Storen was put in a difficult situation in July. He had 29 saves and a 1.73 ERA to that point in the season, but he lost his closer's job when the Nationals acquired Jonathan Papelbon from the Philadelphia Phillies in a midseason trade. Storen was shifted to an eighth-inning role, where he struggled the rest of the year. His ERA ballooned to 3.44, and he did not record a save the rest of the season.
It was clear one of Storen or Papelbon would be dealt this offseason, and it appears the Nationals have chosen to keep Papelbon -- despite his late-season dugout altercation with NL MVP Bryce Harper.
Now Storen heads to Toronto, where he's once again in an interesting position. The Blue Jays are the defending AL East champs, and they won the division last year with 20-year-old Roberto Osuna closing games. Osuna's 20 saves, 2.58 ERA and 0.919 WHIP are solid, if not impressive, for any reliever who toils in the AL East. That performance is especially good considering Osuna's age and relative inexperience.
Does Osuna deserved to be replaced as closer? I would say not. There's no question the Blue Jays needed to acquire another reliever. Aaron Sanchez's high ceiling was being wasted as a short reliever last year. It's time for Toronto to move Sanchez into the starting rotation and see what he can bring. So, from that perspective, it's a good move for the Jays to add Storen.
But can Storen deal with an eighth-inning role if Osuna pitches better than him and keeps the closer's job? Or will he fall apart mentally like he did in Washington?
Either way, I'm not sold on Storen closing big games. His postseason meltdowns in Game 5 of the 2012 NLDS against St. Louis and Game 2 of the 2014 NLDS against San Francisco are part of the reason the Nationals have never fulfilled their potential. I suspect that's why the Nationals chose to keep Papelbon, despite the potential clubhouse problem he creates. Even though it's been a while, Papelbon has proven he can close in the postseason. The right-hander is unscored upon in 17 of his 18 career playoff appearances.

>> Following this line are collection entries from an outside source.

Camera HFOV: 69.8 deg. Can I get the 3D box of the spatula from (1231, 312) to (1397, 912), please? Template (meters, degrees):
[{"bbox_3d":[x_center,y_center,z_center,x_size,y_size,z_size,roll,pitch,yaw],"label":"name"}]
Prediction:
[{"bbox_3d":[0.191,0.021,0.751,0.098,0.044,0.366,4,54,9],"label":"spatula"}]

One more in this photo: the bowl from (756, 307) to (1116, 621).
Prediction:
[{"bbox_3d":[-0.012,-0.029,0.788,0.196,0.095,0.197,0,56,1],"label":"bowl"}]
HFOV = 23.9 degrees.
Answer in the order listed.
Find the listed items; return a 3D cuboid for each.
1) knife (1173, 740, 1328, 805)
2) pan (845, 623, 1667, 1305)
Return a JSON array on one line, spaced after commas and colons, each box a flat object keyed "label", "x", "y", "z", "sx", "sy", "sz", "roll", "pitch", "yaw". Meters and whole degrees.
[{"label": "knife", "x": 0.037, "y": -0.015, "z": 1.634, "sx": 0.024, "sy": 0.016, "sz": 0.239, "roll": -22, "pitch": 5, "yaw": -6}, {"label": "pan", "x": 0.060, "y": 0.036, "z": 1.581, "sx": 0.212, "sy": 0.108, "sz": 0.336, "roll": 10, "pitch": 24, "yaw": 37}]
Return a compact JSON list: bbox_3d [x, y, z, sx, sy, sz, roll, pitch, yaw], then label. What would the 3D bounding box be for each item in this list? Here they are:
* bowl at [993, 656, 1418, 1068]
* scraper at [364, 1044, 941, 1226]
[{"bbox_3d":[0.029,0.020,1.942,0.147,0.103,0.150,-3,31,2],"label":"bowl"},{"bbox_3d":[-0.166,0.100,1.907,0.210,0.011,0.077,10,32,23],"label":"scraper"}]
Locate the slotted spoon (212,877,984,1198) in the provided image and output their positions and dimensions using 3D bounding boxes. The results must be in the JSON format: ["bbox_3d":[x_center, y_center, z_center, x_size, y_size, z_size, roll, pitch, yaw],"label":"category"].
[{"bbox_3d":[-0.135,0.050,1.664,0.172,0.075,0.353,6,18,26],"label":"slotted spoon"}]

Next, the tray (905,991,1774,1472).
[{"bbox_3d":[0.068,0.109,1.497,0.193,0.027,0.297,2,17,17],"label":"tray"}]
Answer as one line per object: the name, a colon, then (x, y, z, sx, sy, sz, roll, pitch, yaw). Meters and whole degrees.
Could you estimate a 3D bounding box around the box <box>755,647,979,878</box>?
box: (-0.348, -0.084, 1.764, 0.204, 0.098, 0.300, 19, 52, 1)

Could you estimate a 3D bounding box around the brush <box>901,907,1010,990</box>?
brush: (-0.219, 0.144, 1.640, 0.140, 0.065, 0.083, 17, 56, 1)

As for Revere, he takes the spot in the Washington lineup vacated by Denard Span, who signed with San Francisco last week. The Nationals had been players in the Jason Heyward sweepstakes earlier this offseason, but they were beaten out by the Chicago Cubs.
It didn't seem as though Washington was interested in any of the right-handed power-hitting outfielders on the free-agent market. The Nationals wanted to add a left-handed hitter who can cover center field, and they obviously feel Revere is a more cost-effective option than Span would have been.